Since relocating to Detroit, MI from Bowling Green, OH in 2006, AMP has offered year-round support to Detroit educators and activists wanting to integrate digital media skills into their work for community transformation. We belong to a sprawling network of Detroit community leaders who are taking up the task to “create the world anew,” as philosopher/activist Grace Lee Boggs has articulated it--building new forms of education and economic development in the shell of Detroit’s post-industrial systems.
The community AMP serves is both local and national. Approximately 35% of the 2,000 Allied Media Conference participants come from the City of Detroit. The other 65% come from more than 200 different towns and cities. A majority of participants in AMP programs are people of color from low-income communities. A majority are women and approximately 25% are under 21. A significant percentage identify as lesbian, gay, bisexual, transgendered or queer. Every year AMP makes its programs more accessible to parents, people with disabilities, non-English speakers, and people of all ages and genders. Accessibility is one of our core practices because we believe our movements suffer without the contributions of people most marginalized by the current power structures.
AMP’s dual identity as a local and national organization is one of its greatest strengths, as people from other cities increasingly want to learn from the models of community problem-solving emerging at Detroit's grassroots.
BTOP, DFM & DFS
In 2009, coming out of the Allied Media Conference, AMP launched the Detroit Digital Justice Coalition as a collaborative effort to secure a federal broadband adoption grant aimed at closing the digital divide in Detroit. The grant was secured in 2010 awarding Detroit $1.8 million. AMP expanded its programs to include local trainings for Detroiters. These trainings carried the spirit and skills of the annual Allied Media Conference into the work for community revitalization that was prevalent in Detroit. These programs became Detroit Future Media and Detroit Future Schools. Through DFM, AMP developed a pool of digital media artists who not only had the skills to produce high quality media, but to bring media-based organizing methods into classrooms, small businesses and community organizations throughout the city.
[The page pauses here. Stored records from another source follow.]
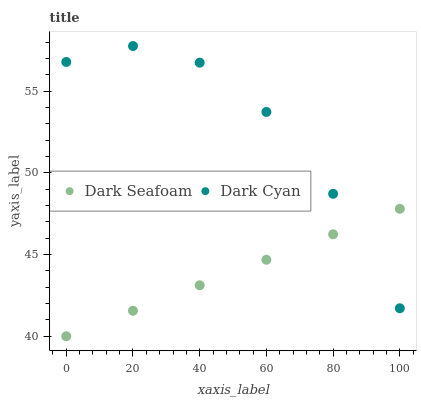Does Dark Seafoam have the minimum area under the curve?
Answer yes or no. Yes. Does Dark Cyan have the maximum area under the curve?
Answer yes or no. Yes. Does Dark Seafoam have the maximum area under the curve?
Answer yes or no. No. Is Dark Seafoam the smoothest?
Answer yes or no. Yes. Is Dark Cyan the roughest?
Answer yes or no. Yes. Is Dark Seafoam the roughest?
Answer yes or no. No. Does Dark Seafoam have the lowest value?
Answer yes or no. Yes. Does Dark Cyan have the highest value?
Answer yes or no. Yes. Does Dark Seafoam have the highest value?
Answer yes or no. No. Does Dark Cyan intersect Dark Seafoam?
Answer yes or no. Yes. Is Dark Cyan less than Dark Seafoam?
Answer yes or no. No. Is Dark Cyan greater than Dark Seafoam?
Answer yes or no. No. 
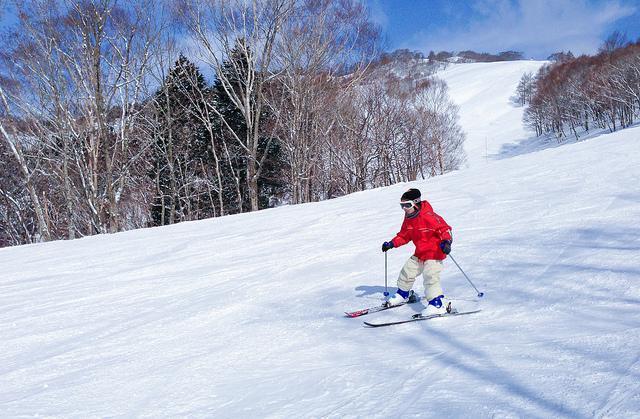How many people are there?
Give a very brief answer. 1.

Several of the artists emerging from DFM then became the artists for Detroit Future Schools. In the summer of 2011, a call for teachers was put out and from the 28 applications received, 12 teachers were selected and paired with the 8 DFM artists.
While Detroit has a number of long-standing arts-integration programs, such as Living Arts, Inside Out Literary Arts and Y-Arts, no other educational organization in Detroit merges digital media arts with critical pedagogy, community-school interaction and documentation and evaluation at all levels of our programming. DFS is also unique for the support it provides not only to students but also to teachers learning new and challenging pedagogy.
In many of the 12 classrooms of our inaugural year, we saw increases in student attendance, test scores and overall engagement. Even more profound than these baseline metrics were the transformation we saw in students’ sense of ownership of their education and by extension, their lives and the fate of their communities. In one DFS classroom students successfully organized a “freedom school” in the park across the street from their school to protest injustices within the school and project a vision for what real education could look like. In a student interview, the 11th grader stated that his classroom was different than others in his school because “it makes me feel more human.”